## Exercise
Set down exactly, from the records below, the line with "3618.27), (14248.53, 3618.16)])" through the line with "3578.72), (14116.82, 3578.74)])", and nothing else.

## Data to process
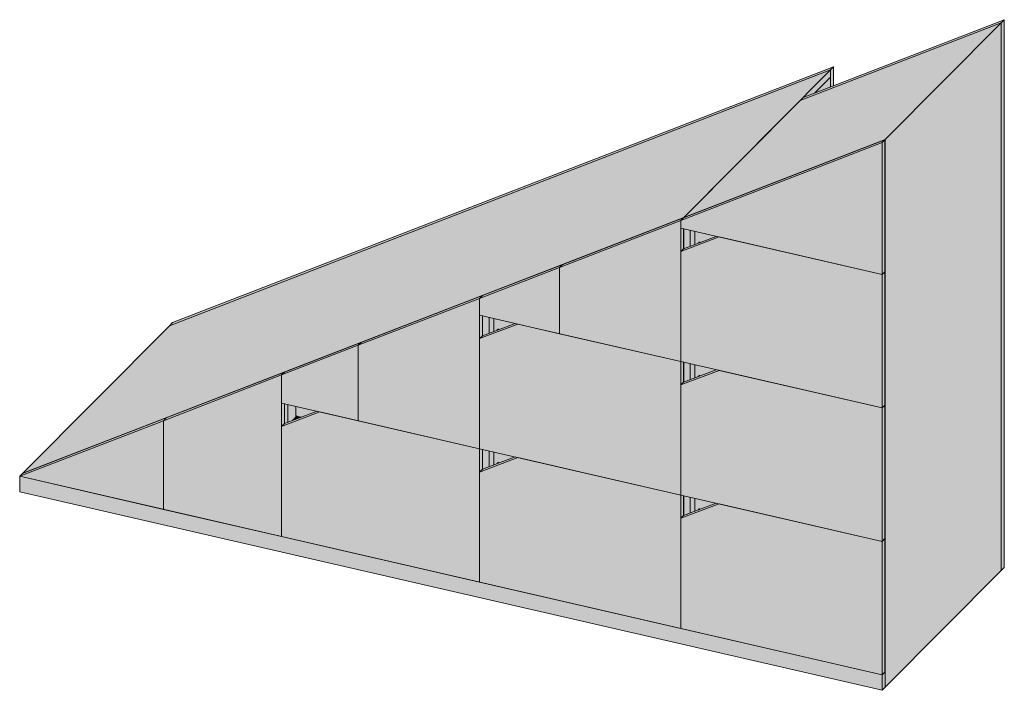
# Model space of a CAD drawing. Header units: centimetres. Extents: x 14116 to 17381, y 105 to 11877.
# Tile 8 of 9: x 14116 to 14394, y 3517 to 3707. Entities that reach past the tile are written whole.
import ezdxf

# ---------------------------------------------------------------- set-up
doc = ezdxf.new("R2010")
doc.units = ezdxf.units.CM
doc.layers.add('A-GENM', color=13, linetype='Continuous', lineweight=18)

# ---------------------------------------------------------------- blocks, each defined once
blk = doc.blocks.new('CASE_Szafa_poz0 - E25-S-06-8027443-E25-S-06-1')
at = {"layer": 'A-GENM'}
for points in [[(14303.55, 3651), (14360.39, 3673), (14393.19, 3705.99), (14336.35, 3683.99), (14312.91, 3660.41)], [(14360.38, 3518.28), (14393.18, 3551.27), (14393.19, 3705.99), (14360.39, 3673), (14360.38, 3521.79)], [(14393.18, 3551.27), (14394.05, 3552.14), (14394.05, 3706.86), (14393.19, 3705.99), (14393.18, 3580.96)], [(14158.26, 3620.42), (14344.99, 3692.68), (14345.85, 3693.55), (14159.12, 3621.28)], [(14344.99, 3687.87), (14345.85, 3688.2), (14345.85, 3693.55), (14344.99, 3692.68)], [(14116.82, 3578.74), (14303.55, 3651), (14344.99, 3692.68), (14158.26, 3620.42)], [(14337.22, 3684.86), (14340.57, 3686.16), (14344.99, 3690.6), (14344.99, 3692.68), (14341.63, 3689.3)], [(14340.57, 3686.16), (14344.99, 3687.87), (14344.99, 3690.6)], [(14302.69, 3650.14), (14359.52, 3672.13), (14360.3, 3672.91), (14303.47, 3650.92)], [(14359.52, 3634.87), (14359.52, 3672.13), (14302.69, 3650.14), (14302.69, 3647.96), (14303.55, 3647.76), (14303.55, 3647.76), (14359.01, 3634.99)], [(14360.38, 3522.66), (14360.38, 3522.66), (14360.38, 3673), (14303.55, 3651), (14303.55, 3650.95), (14360.3, 3672.91), (14360.3, 3522.68), (14360.38, 3522.66)], [(14359.52, 3634.87), (14360.3, 3635.66), (14360.3, 3672.91), (14359.52, 3672.13), (14359.52, 3635.28)], [(14268.41, 3636.87), (14302.69, 3650.14), (14303.47, 3650.92), (14269.19, 3637.65)], [(14302.69, 3610.27), (14302.69, 3650.14), (14268.41, 3636.87), (14268.41, 3618.16), (14302.69, 3610.27)], [(14302.69, 3641.38), (14302.69, 3641.39), (14303.47, 3642.17), (14303.47, 3647.78), (14302.69, 3647.96), (14302.69, 3641.87)], [(14306.69, 3643.38), (14307.58, 3643.72), (14308.01, 3644.14), (14308.44, 3644.04), (14312.71, 3645.65), (14306.69, 3647.04), (14306.69, 3644.52)], [(14302.69, 3641.38), (14313.52, 3645.47), (14312.71, 3645.65), (14303.47, 3642.17), (14302.69, 3641.39)], [(14359.52, 3597.18), (14359.52, 3634.87), (14313.52, 3645.47), (14302.69, 3641.38), (14302.69, 3610.27), (14348.94, 3599.62)], [(14307.58, 3643.72), (14308.44, 3644.04), (14308.01, 3644.14)], [(14245.86, 3628.14), (14268.41, 3636.87), (14269.19, 3637.65), (14246.64, 3628.92), (14246.35, 3628.63)], [(14268.41, 3618.16), (14268.41, 3636.87), (14245.86, 3628.14), (14245.86, 3623.35), (14248.53, 3622.74), (14248.53, 3622.74), (14268.29, 3618.19)], [(14359.52, 3597.18), (14360.3, 3597.96), (14360.3, 3635.66), (14359.52, 3634.85), (14359.52, 3598.14)], [(14211.58, 3614.88), (14245.86, 3628.14), (14246.64, 3628.92), (14212.36, 3615.66)], [(14245.86, 3585.66), (14245.86, 3628.14), (14211.58, 3614.88), (14211.58, 3593.55), (14244.92, 3585.87)], [(14245.86, 3616.78), (14245.86, 3616.78), (14246.64, 3617.56), (14246.64, 3623.17), (14245.86, 3623.35), (14245.86, 3617.27)], [(14302.69, 3572.57), (14302.69, 3610.27), (14256.68, 3620.86), (14245.86, 3616.78), (14245.86, 3585.66), (14302.69, 3572.57)], [(14249.86, 3618.77), (14250.75, 3619.11), (14251.18, 3619.54), (14251.61, 3619.43), (14255.88, 3621.04), (14249.86, 3622.43), (14249.86, 3620.86)], [(14250.75, 3619.11), (14251.61, 3619.43), (14251.18, 3619.54)], [(14189.93, 3606.5), (14211.58, 3614.88), (14212.36, 3615.66), (14190.71, 3607.28)], [(14211.58, 3593.55), (14211.58, 3614.88), (14189.93, 3606.5), (14189.93, 3598.54), (14210.45, 3593.81)], [(14302.69, 3603.69), (14302.69, 3603.69), (14303.47, 3604.47), (14303.47, 3610.09), (14302.69, 3610.25), (14302.69, 3604.18)], [(14156.55, 3593.58), (14189.93, 3606.5), (14190.71, 3607.28), (14157.33, 3594.36)], [(14302.69, 3603.69), (14313.52, 3607.77), (14312.71, 3607.96), (14303.47, 3604.47), (14302.69, 3603.69)], [(14359.52, 3559.49), (14359.52, 3597.18), (14313.52, 3607.77), (14302.69, 3603.69), (14302.69, 3572.57), (14344.99, 3562.83)], [(14306.69, 3605.69), (14307.58, 3606.02), (14308.01, 3606.45), (14308.44, 3606.35), (14312.71, 3607.96), (14306.69, 3609.34), (14306.69, 3607.77)], [(14189.93, 3560.84), (14189.93, 3606.5), (14156.55, 3593.58), (14156.55, 3568.53), (14187.65, 3561.37)], [(14307.58, 3606.02), (14308.44, 3606.35), (14308.01, 3606.45)], [(14189.93, 3591.96), (14189.93, 3591.96), (14190.71, 3592.74), (14190.71, 3598.36), (14189.93, 3598.54), (14189.93, 3592.45)], [(14189.93, 3591.96), (14200.76, 3596.04), (14199.95, 3596.23), (14190.71, 3592.74), (14189.93, 3591.96)], [(14245.86, 3547.96), (14245.86, 3585.66), (14200.76, 3596.04), (14189.93, 3591.96), (14189.93, 3560.84), (14240.57, 3549.18)], [(14191.7, 3593.12), (14193.05, 3593.63), (14193.93, 3594.51), (14193.93, 3597.61), (14191.7, 3598.13), (14191.7, 3593.17)], [(14193.93, 3594.51), (14194.34, 3594.93), (14195.43, 3594.68), (14195.43, 3594.52), (14199.95, 3596.23), (14193.93, 3597.61), (14193.93, 3596.04)], [(14359.52, 3559.49), (14360.3, 3560.27), (14360.3, 3597.96), (14359.52, 3597.16), (14359.52, 3560.45)], [(14115.96, 3577.87), (14156.55, 3593.58), (14157.33, 3594.36), (14116.74, 3578.66), (14115.96, 3577.88)], [(14156.55, 3568.53), (14156.55, 3593.58), (14115.96, 3577.87), (14120.6, 3576.81)], [(14193.05, 3593.63), (14195.18, 3594.43), (14195.4, 3594.68), (14194.34, 3594.93)], [(14195.18, 3594.43), (14195.43, 3594.52), (14195.43, 3594.68)], [(14245.86, 3579.08), (14245.86, 3579.08), (14246.64, 3579.86), (14246.64, 3585.48), (14245.86, 3585.64), (14245.86, 3579.57)], [(14249.86, 3581.08), (14250.75, 3581.42), (14251.17, 3581.84), (14251.61, 3581.74), (14255.88, 3583.35), (14249.86, 3584.74), (14249.86, 3583.95)], [(14245.86, 3579.08), (14256.68, 3583.17), (14255.88, 3583.35), (14246.64, 3579.86), (14245.86, 3579.08)], [(14302.69, 3534.88), (14302.69, 3572.57), (14256.68, 3583.17), (14245.86, 3579.08), (14245.86, 3547.96), (14295.18, 3536.61)], [(14250.75, 3581.42), (14251.61, 3581.74), (14251.17, 3581.84)], [(14359.52, 3517.41), (14359.52, 3521.79), (14115.96, 3577.87), (14115.96, 3573.49), (14331.02, 3523.97)], [(14302.69, 3566), (14302.69, 3566), (14303.47, 3566.78), (14303.47, 3572.39), (14302.69, 3572.55), (14302.69, 3566.49)], [(14306.69, 3567.99), (14307.58, 3568.33), (14308, 3568.76), (14308.44, 3568.66), (14312.71, 3570.27), (14306.69, 3571.65), (14306.69, 3570.08)], [(14302.69, 3566), (14313.51, 3570.08), (14312.71, 3570.27), (14303.47, 3566.78), (14302.69, 3566)], [(14359.52, 3521.79), (14359.52, 3559.49), (14313.51, 3570.08), (14302.69, 3566), (14302.69, 3534.88), (14337.44, 3526.88)], [(14307.58, 3568.33), (14308.44, 3568.66), (14308, 3568.76)], [(14359.52, 3521.79), (14360.3, 3522.57), (14360.3, 3560.27), (14359.52, 3559.47), (14359.52, 3522.86)], [(14359.52, 3517.41), (14360.38, 3518.28), (14360.38, 3522.66), (14359.52, 3521.79), (14359.52, 3518.28)]]:
    blk.add_hatch(color=256, dxfattribs=at).paths.add_polyline_path(points)
h = blk.add_hatch(color=256, dxfattribs=at)
h.paths.add_polyline_path([(14336.36, 3684), (14344.99, 3687.34), (14344.99, 3687.87), (14337.22, 3684.86)])
h.paths.add_polyline_path([(14344.99, 3687.34), (14393.19, 3705.99), (14394.05, 3706.86), (14344.99, 3687.87)])
h = blk.add_hatch(color=256, dxfattribs=at)
h.paths.add_polyline_path([(14303.55, 3566.81), (14305.36, 3567.49), (14305.36, 3571.96), (14303.55, 3572.37), (14303.55, 3570.08)])
h.paths.add_polyline_path([(14116.91, 3578.72), (14303.55, 3650.95), (14303.55, 3651), (14116.82, 3578.74)])
h.paths.add_polyline_path([(14246.72, 3579.9), (14248.53, 3580.58), (14248.53, 3585.04), (14246.72, 3585.46), (14246.72, 3580.96)])
h.paths.add_polyline_path([(14190.71, 3592.74), (14191.7, 3593.12), (14191.7, 3598.13), (14190.71, 3598.36), (14190.71, 3593.55)])
h.paths.add_polyline_path([(14303.55, 3604.51), (14305.36, 3605.19), (14305.36, 3609.65), (14303.55, 3610.07), (14303.55, 3607.77)])
h.paths.add_polyline_path([(14246.72, 3617.59), (14248.53, 3618.27), (14248.53, 3622.74), (14246.72, 3623.15), (14246.72, 3618.16)])
h.paths.add_polyline_path([(14303.55, 3642.2), (14305.36, 3642.88), (14305.36, 3647.35), (14303.55, 3647.76), (14303.55, 3644.52)])
h = blk.add_hatch(color=256, dxfattribs=at)
h.paths.add_polyline_path([(14303.47, 3566.78), (14303.55, 3566.81), (14303.55, 3572.37), (14303.47, 3572.39), (14303.47, 3570.08)])
h.paths.add_polyline_path([(14303.47, 3604.47), (14303.55, 3604.51), (14303.55, 3610.07), (14303.47, 3610.09), (14303.47, 3607.77)])
h.paths.add_polyline_path([(14303.47, 3642.17), (14303.55, 3642.2), (14303.55, 3647.76), (14303.47, 3647.78), (14303.47, 3644.52)])
h = blk.add_hatch(color=256, dxfattribs=at)
h.paths.add_polyline_path([(14305.36, 3567.49), (14306.69, 3567.99), (14306.69, 3571.65), (14305.36, 3571.96), (14305.36, 3567.55)])
h.paths.add_polyline_path([(14305.36, 3605.19), (14306.69, 3605.69), (14306.69, 3609.34), (14305.36, 3609.65), (14305.36, 3605.24)])
h.paths.add_polyline_path([(14305.36, 3642.88), (14306.69, 3643.38), (14306.69, 3647.04), (14305.36, 3647.35), (14305.36, 3642.93)])
h = blk.add_hatch(color=256, dxfattribs=at)
h.paths.add_polyline_path([(14248.53, 3617.78), (14256.68, 3620.86), (14255.88, 3621.04), (14248.53, 3618.27), (14248.53, 3618.16)])
h.paths.add_polyline_path([(14245.86, 3616.78), (14248.53, 3617.78), (14248.53, 3618.27), (14246.64, 3617.56), (14245.86, 3616.78)])
h = blk.add_hatch(color=256, dxfattribs=at)
h.paths.add_polyline_path([(14246.64, 3579.86), (14246.72, 3579.9), (14246.72, 3585.46), (14246.64, 3585.48), (14246.64, 3580.96)])
h.paths.add_polyline_path([(14246.64, 3617.56), (14246.72, 3617.59), (14246.72, 3623.15), (14246.64, 3623.17), (14246.64, 3618.16)])
h = blk.add_hatch(color=256, dxfattribs=at)
h.paths.add_polyline_path([(14248.53, 3580.58), (14249.86, 3581.08), (14249.86, 3584.74), (14248.53, 3585.04), (14248.53, 3580.63)])
h.paths.add_polyline_path([(14248.53, 3618.27), (14249.86, 3618.77), (14249.86, 3622.43), (14248.53, 3622.74), (14248.53, 3618.33)])
h = blk.add_hatch(color=256, dxfattribs=at)
h.paths.add_polyline_path([(14360.3, 3522.57), (14360.38, 3522.66), (14360.3, 3522.68)])
h.paths.add_polyline_path([(14116.74, 3578.66), (14116.91, 3578.72), (14116.82, 3578.74)])
for p, q in [((14336.36, 3684), (14393.19, 3705.99)), ((14393.19, 3705.99), (14336.36, 3684)), ((14337.22, 3684.86), (14394.05, 3706.86)), ((14360.39, 3673), (14393.19, 3705.99)), ((14393.19, 3705.99), (14393.18, 3551.27)), ((14393.18, 3551.27), (14393.19, 3705.99)), ((14394.05, 3706.86), (14393.19, 3705.99)), ((14394.05, 3706.86), (14394.05, 3552.14)), ((14159.12, 3621.28), (14345.85, 3693.55)), ((14345.85, 3693.55), (14344.99, 3692.68)), ((14345.85, 3693.55), (14345.85, 3688.2)), ((14158.26, 3620.42), (14344.99, 3692.68)), ((14344.99, 3692.68), (14158.26, 3620.42)), ((14303.55, 3651), (14344.99, 3692.68)), ((14344.99, 3690.6), (14340.57, 3686.16)), ((14344.99, 3690.6), (14340.57, 3686.16)), ((14344.99, 3692.68), (14344.99, 3690.6)), ((14344.99, 3687.87), (14344.99, 3692.68)), ((14344.99, 3690.6), (14344.99, 3687.87)), ((14337.22, 3684.86), (14336.36, 3684)), ((14336.36, 3684), (14303.55, 3651)), ((14359.52, 3672.13), (14302.69, 3650.14)), ((14303.47, 3650.92), (14360.3, 3672.91)), ((14360.39, 3673), (14303.55, 3651)), ((14360.3, 3672.91), (14359.52, 3672.13)), ((14359.52, 3634.87), (14359.52, 3672.13)), ((14360.3, 3672.91), (14360.3, 3635.66)), ((14360.38, 3518.28), (14360.39, 3673)), ((14303.55, 3651), (14116.82, 3578.74)), ((14302.69, 3650.14), (14268.41, 3636.87)), ((14269.19, 3637.65), (14303.47, 3650.92)), ((14303.47, 3650.92), (14302.69, 3650.14)), ((14303.47, 3650.92), (14302.69, 3650.14)), ((14302.69, 3650.14), (14302.69, 3647.96)), ((14302.69, 3610.27), (14302.69, 3650.14)), ((14303.55, 3651), (14303.55, 3650.95)), ((14303.55, 3650.95), (14303.55, 3651)), ((14302.69, 3647.96), (14359.52, 3634.87)), ((14303.47, 3647.78), (14303.47, 3642.17)), ((14303.55, 3642.2), (14303.55, 3647.76)), ((14303.55, 3647.76), (14303.55, 3642.2)), ((14305.36, 3642.88), (14305.36, 3647.35)), ((14306.69, 3647.04), (14306.69, 3643.38)), ((14313.52, 3645.47), (14302.69, 3641.38)), ((14303.47, 3642.17), (14312.71, 3645.65)), ((14308.01, 3644.14), (14307.58, 3643.72)), ((14359.52, 3634.87), (14313.52, 3645.47)), ((14302.69, 3641.38), (14303.47, 3642.17)), ((14302.69, 3641.38), (14302.69, 3610.27)), ((14246.64, 3628.92), (14269.19, 3637.65)), ((14269.19, 3637.65), (14268.41, 3636.87)), ((14268.41, 3636.87), (14269.19, 3637.65)), ((14268.41, 3636.87), (14245.86, 3628.14)), ((14268.41, 3618.16), (14268.41, 3636.87)), ((14268.41, 3636.87), (14268.41, 3618.16)), ((14359.52, 3634.87), (14360.3, 3635.66)), ((14360.3, 3635.66), (14359.52, 3634.87)), ((14359.52, 3597.18), (14359.52, 3634.87)), ((14360.3, 3635.66), (14360.3, 3597.96)), ((14245.86, 3628.14), (14211.58, 3614.88)), ((14212.36, 3615.66), (14246.64, 3628.92)), ((14245.86, 3628.14), (14246.64, 3628.92)), ((14246.64, 3628.92), (14245.86, 3628.14)), ((14245.86, 3628.14), (14245.86, 3623.35)), ((14245.86, 3585.66), (14245.86, 3628.14)), ((14159.12, 3621.28), (14158.26, 3620.42)), ((14245.86, 3623.35), (14268.41, 3618.16)), ((14256.68, 3620.86), (14245.86, 3616.78)), ((14246.64, 3623.17), (14246.64, 3617.56)), ((14246.64, 3617.56), (14255.88, 3621.04)), ((14246.72, 3617.59), (14246.72, 3623.15)), ((14246.72, 3623.15), (14246.72, 3617.59)), ((14248.53, 3618.27), (14248.53, 3622.74)), ((14249.86, 3622.43), (14249.86, 3618.77)), ((14256.68, 3620.86), (14302.69, 3610.27)), ((14158.26, 3620.42), (14116.82, 3578.74)), ((14251.18, 3619.54), (14250.75, 3619.11)), ((14268.41, 3618.16), (14302.69, 3610.27)), ((14190.71, 3607.28), (14212.36, 3615.66)), ((14212.36, 3615.66), (14211.58, 3614.88)), ((14211.58, 3614.88), (14212.36, 3615.66)), ((14245.86, 3616.78), (14246.64, 3617.56)), ((14245.86, 3585.66), (14245.86, 3616.78)), ((14211.58, 3614.88), (14189.93, 3606.5)), ((14211.58, 3593.55), (14211.58, 3614.88)), ((14211.58, 3614.88), (14211.58, 3593.55)), ((14302.69, 3572.57), (14302.69, 3610.27)), ((14302.69, 3610.27), (14359.52, 3597.18)), ((14303.47, 3610.09), (14303.47, 3604.47)), ((14303.55, 3604.51), (14303.55, 3610.07)), ((14303.55, 3610.07), (14303.55, 3604.51)), ((14305.36, 3605.19), (14305.36, 3609.65)), ((14157.33, 3594.36), (14190.71, 3607.28)), ((14189.93, 3606.5), (14190.71, 3607.28)), ((14190.71, 3607.28), (14189.93, 3606.5)), ((14313.52, 3607.77), (14302.69, 3603.69)), ((14303.47, 3604.47), (14312.71, 3607.96)), ((14306.69, 3609.34), (14306.69, 3605.69)), ((14313.52, 3607.77), (14359.52, 3597.18)), ((14189.93, 3606.5), (14156.55, 3593.58)), ((14189.93, 3606.5), (14189.93, 3598.54)), ((14189.93, 3560.84), (14189.93, 3606.5)), ((14302.69, 3603.69), (14303.47, 3604.47)), ((14308.01, 3606.45), (14307.58, 3606.02)), ((14302.69, 3572.57), (14302.69, 3603.69)), ((14189.93, 3598.54), (14211.58, 3593.55)), ((14200.76, 3596.04), (14189.93, 3591.96)), ((14190.71, 3598.36), (14190.71, 3592.74)), ((14190.71, 3592.74), (14199.95, 3596.23)), ((14191.7, 3593.12), (14191.7, 3598.13)), ((14193.93, 3597.61), (14193.93, 3594.51)), ((14200.76, 3596.04), (14245.86, 3585.66)), ((14359.52, 3597.18), (14360.3, 3597.96)), ((14360.3, 3597.96), (14359.52, 3597.18)), ((14359.52, 3559.49), (14359.52, 3597.18)), ((14360.3, 3597.96), (14360.3, 3560.27)), ((14156.55, 3593.58), (14115.96, 3577.87)), ((14116.74, 3578.66), (14157.33, 3594.36)), ((14157.33, 3594.36), (14156.55, 3593.58)), ((14156.55, 3593.58), (14157.33, 3594.36)), ((14156.55, 3568.53), (14156.55, 3593.58)), ((14156.55, 3593.58), (14156.55, 3568.53)), ((14194.34, 3594.93), (14193.05, 3593.63)), ((14195.18, 3594.43), (14195.43, 3594.68)), ((14211.58, 3593.55), (14245.86, 3585.66)), ((14189.93, 3591.96), (14190.71, 3592.74)), ((14189.93, 3560.84), (14189.93, 3591.96)), ((14245.86, 3547.96), (14245.86, 3585.66)), ((14302.69, 3572.57), (14245.86, 3585.66)), ((14246.64, 3585.48), (14246.64, 3579.86)), ((14246.72, 3579.9), (14246.72, 3585.46)), ((14246.72, 3585.46), (14246.72, 3579.9)), ((14248.53, 3580.58), (14248.53, 3585.04)), ((14249.86, 3584.74), (14249.86, 3581.08)), ((14256.68, 3583.17), (14245.86, 3579.08)), ((14246.64, 3579.86), (14255.88, 3583.35)), ((14251.17, 3581.84), (14250.75, 3581.42)), ((14256.68, 3583.17), (14302.69, 3572.57)), ((14245.86, 3579.08), (14246.64, 3579.86)), ((14245.86, 3547.96), (14245.86, 3579.08)), ((14116.82, 3578.74), (14115.96, 3577.87)), ((14115.96, 3577.87), (14116.74, 3578.66)), ((14115.96, 3577.87), (14156.55, 3568.53)), ((14359.52, 3521.79), (14115.96, 3577.87)), ((14115.96, 3577.87), (14115.96, 3573.49)), ((14116.82, 3578.74), (14116.91, 3578.72)), ((14115.96, 3573.49), (14359.52, 3517.41)), ((14115.96, 3573.49), (14115.96, 3573.49)), ((14302.69, 3534.88), (14302.69, 3572.57)), ((14359.52, 3559.49), (14302.69, 3572.57)), ((14303.47, 3572.39), (14303.47, 3566.78)), ((14303.55, 3566.81), (14303.55, 3572.37)), ((14303.55, 3572.37), (14303.55, 3566.81)), ((14305.36, 3567.49), (14305.36, 3571.96)), ((14306.69, 3571.65), (14306.69, 3567.99)), ((14156.55, 3568.53), (14189.93, 3560.84)), ((14313.51, 3570.08), (14302.69, 3566)), ((14303.47, 3566.78), (14312.71, 3570.27)), ((14308, 3568.76), (14307.58, 3568.33)), ((14313.51, 3570.08), (14359.52, 3559.49)), ((14302.69, 3566), (14303.47, 3566.78)), ((14302.69, 3534.88), (14302.69, 3566)), ((14245.86, 3547.96), (14189.93, 3560.84)), ((14359.52, 3559.49), (14360.3, 3560.27)), ((14360.3, 3560.27), (14359.52, 3559.49)), ((14360.3, 3560.27), (14360.3, 3522.57)), ((14359.52, 3521.79), (14359.52, 3559.49)), ((14360.38, 3518.28), (14393.18, 3551.27)), ((14394.05, 3552.14), (14393.18, 3551.27)), ((14302.69, 3534.88), (14245.86, 3547.96)), ((14359.52, 3521.79), (14302.69, 3534.88)), ((14360.38, 3522.66), (14359.52, 3521.79)), ((14360.3, 3522.57), (14359.52, 3521.79)), ((14359.52, 3517.41), (14359.52, 3521.79)), ((14360.3, 3522.68), (14360.38, 3522.66)), ((14360.38, 3522.66), (14360.38, 3518.28)), ((14360.38, 3518.28), (14359.52, 3517.41))]:
    blk.add_line(p, q, dxfattribs=at)

msp = doc.modelspace()

# ---------------------------------------------------------------- block references
at = {"layer": 'A-GENM'}
msp.add_blockref('CASE_Szafa_poz0 - E25-S-06-8027443-E25-S-06-1', (0, 0), dxfattribs=at)

doc.saveas('drawing.dxf')

## Answer for the task
h.paths.add_polyline_path([(14248.53, 3617.78), (14256.68, 3620.86), (14255.88, 3621.04), (14248.53, 3618.27), (14248.53, 3618.16)])
h.paths.add_polyline_path([(14245.86, 3616.78), (14248.53, 3617.78), (14248.53, 3618.27), (14246.64, 3617.56), (14245.86, 3616.78)])
h = blk.add_hatch(color=256, dxfattribs=at)
h.paths.add_polyline_path([(14246.64, 3579.86), (14246.72, 3579.9), (14246.72, 3585.46), (14246.64, 3585.48), (14246.64, 3580.96)])
h.paths.add_polyline_path([(14246.64, 3617.56), (14246.72, 3617.59), (14246.72, 3623.15), (14246.64, 3623.17), (14246.64, 3618.16)])
h = blk.add_hatch(color=256, dxfattribs=at)
h.paths.add_polyline_path([(14248.53, 3580.58), (14249.86, 3581.08), (14249.86, 3584.74), (14248.53, 3585.04), (14248.53, 3580.63)])
h.paths.add_polyline_path([(14248.53, 3618.27), (14249.86, 3618.77), (14249.86, 3622.43), (14248.53, 3622.74), (14248.53, 3618.33)])
h = blk.add_hatch(color=256, dxfattribs=at)
h.paths.add_polyline_path([(14360.3, 3522.57), (14360.38, 3522.66), (14360.3, 3522.68)])
h.paths.add_polyline_path([(14116.74, 3578.66), (14116.91, 3578.72), (14116.82, 3578.74)])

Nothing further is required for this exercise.